Сталиноморск. Декабрь 1940

   Звонок из крепости раздался поздно вечером. Герасимов, откашлявшись, произнёс в трубку:
   — Добрый вечер, Яков Кириллович. Открыли главную плиту. Всё готово, можем приступать.
   — Нет, — вздохнул Гурьев. — Столько ждали — ещё подождём. Я сейчас сделаю пару звонков, утром, по команде, и начнём — помолясь, как говорится. Я понимаю, Вам не терпится, Михаил Михайлович. Только Вы учтите — там может просто не оказаться ничего. Ничего вообще. Пустышка.
   — Я чувствую, там что-то есть, Яков Кириллович. Что-то важное.
   — Это хорошо, — кивнул Гурьев. — Интуиции я тоже, в общем, доверяю. И мы подождём до утра. Если надо — то до третьего дня. До свидания, товарищ Герасимов.
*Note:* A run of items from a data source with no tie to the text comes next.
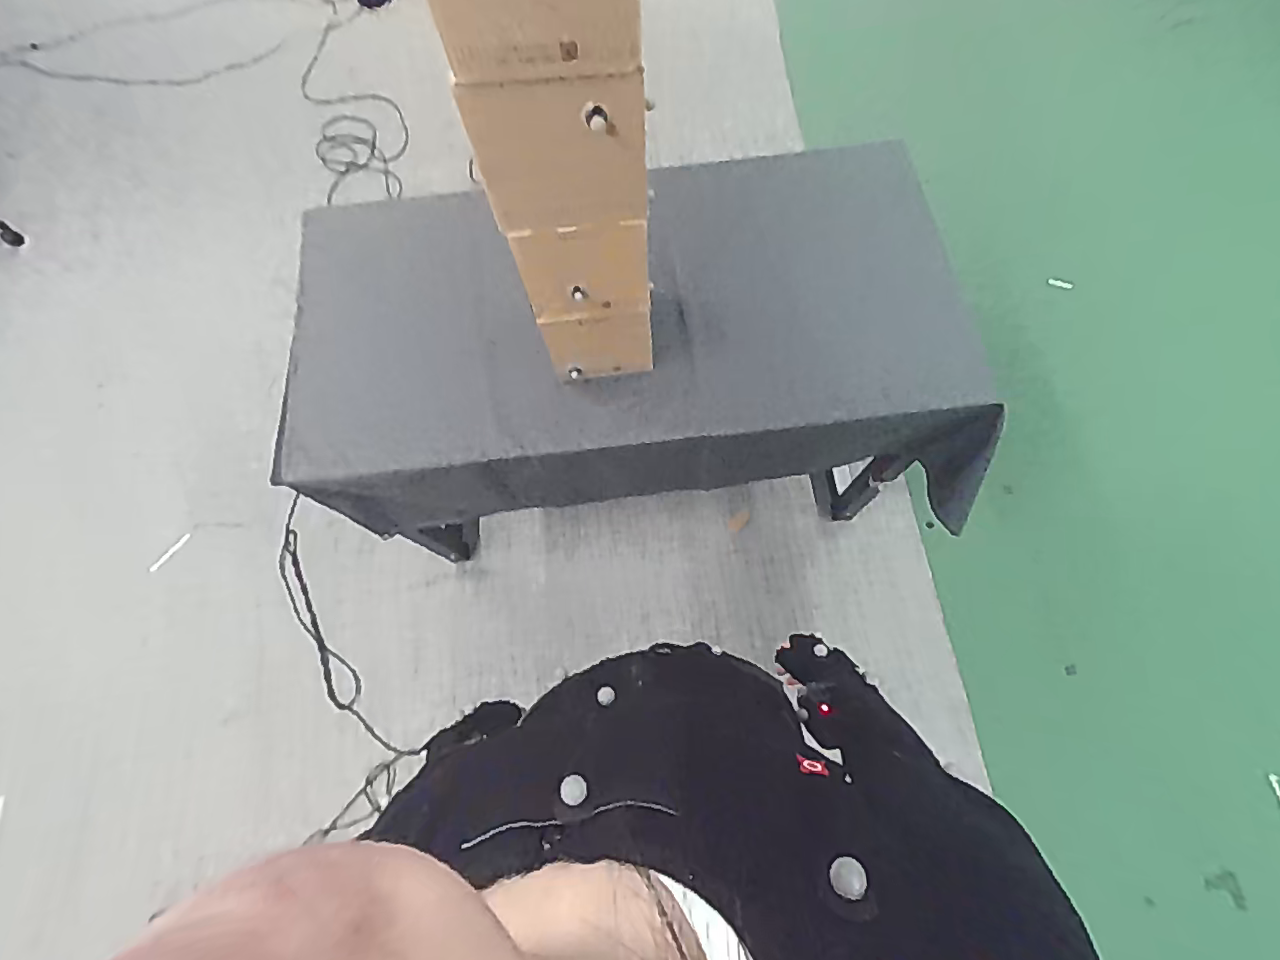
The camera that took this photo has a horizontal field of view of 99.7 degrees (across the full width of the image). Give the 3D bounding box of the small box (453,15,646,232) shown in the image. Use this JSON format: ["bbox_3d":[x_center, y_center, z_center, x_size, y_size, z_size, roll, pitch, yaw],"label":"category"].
[{"bbox_3d":[-0.085,-0.398,0.587,0.179,0.176,0.168,-5,69,1],"label":"small box"}]

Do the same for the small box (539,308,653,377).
[{"bbox_3d":[-0.070,-0.284,0.892,0.168,0.176,0.179,-7,68,1],"label":"small box"}]

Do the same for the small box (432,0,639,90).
[{"bbox_3d":[-0.088,-0.457,0.434,0.168,0.176,0.179,-4,69,1],"label":"small box"}]

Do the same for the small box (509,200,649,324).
[{"bbox_3d":[-0.078,-0.342,0.741,0.168,0.176,0.179,-7,69,1],"label":"small box"}]
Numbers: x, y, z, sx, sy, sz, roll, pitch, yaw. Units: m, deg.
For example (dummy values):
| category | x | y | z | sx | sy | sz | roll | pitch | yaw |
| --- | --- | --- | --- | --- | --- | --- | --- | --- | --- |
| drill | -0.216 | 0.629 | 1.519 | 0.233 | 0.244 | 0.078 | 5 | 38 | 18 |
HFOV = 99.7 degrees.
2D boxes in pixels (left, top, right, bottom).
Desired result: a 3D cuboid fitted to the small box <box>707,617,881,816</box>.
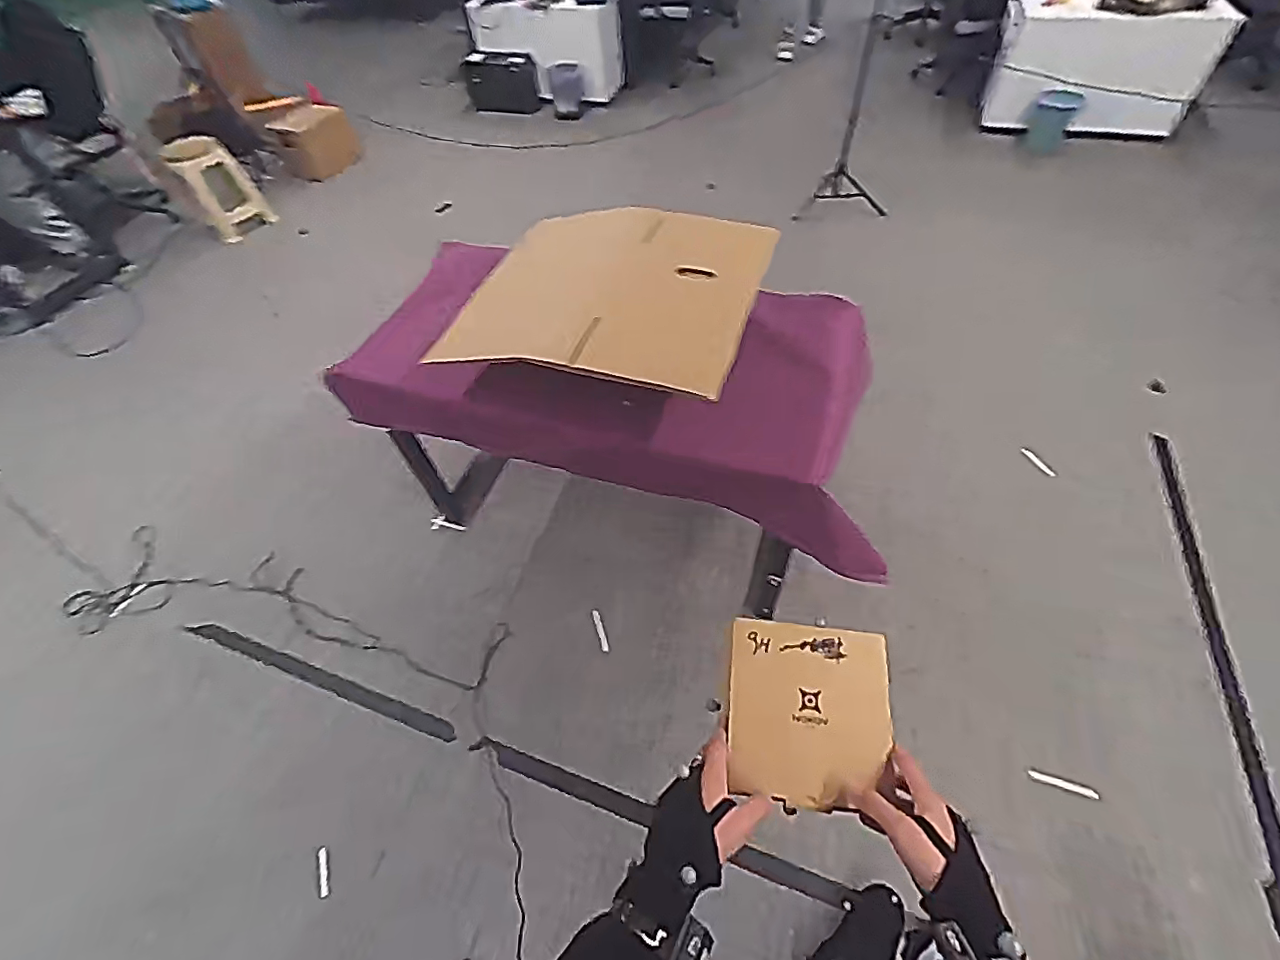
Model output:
| category | x | y | z | sx | sy | sz | roll | pitch | yaw |
| --- | --- | --- | --- | --- | --- | --- | --- | --- | --- |
| small box | 0.171 | 0.274 | 0.639 | 0.168 | 0.176 | 0.179 | 5 | 65 | 5 |

   Распрощавшись с археологом, Гурьев набрал номер Городецкого:
   — Исполать, секретарь. Жду тебя завтра утром на объекте.
   — Что там?!
   — Без тебя открывать не будем.
   — А если там нет ничего?
   — А это мне уже совершенно неинтересно, Варяг. Я нашёл клад, и я должен тебе его показать. Так что ты прилетай, будь так добр. Утром сюда — вечером — назад. Москва денёк без тебя выстоит.
   — Ладно, — по тону Городецкого Гурьев уловил, что тот хочет сказать что-то ещё. — Добро.
   — Говори, дружище, — мягко подбодрил его Гурьев. — Говори, я же слышу. Говори.
   — Я не один прилечу.
   — Ты никогда один не летаешь. Это просто глупо — летать одному. Ты не птица.
   — Гур. Я с Надеждой прилечу. С Надей.
   Вот это да, подумал Гурьев. Вот это да. А я как же?!
   — Конечно, Варяг. Какие разговоры. Давно?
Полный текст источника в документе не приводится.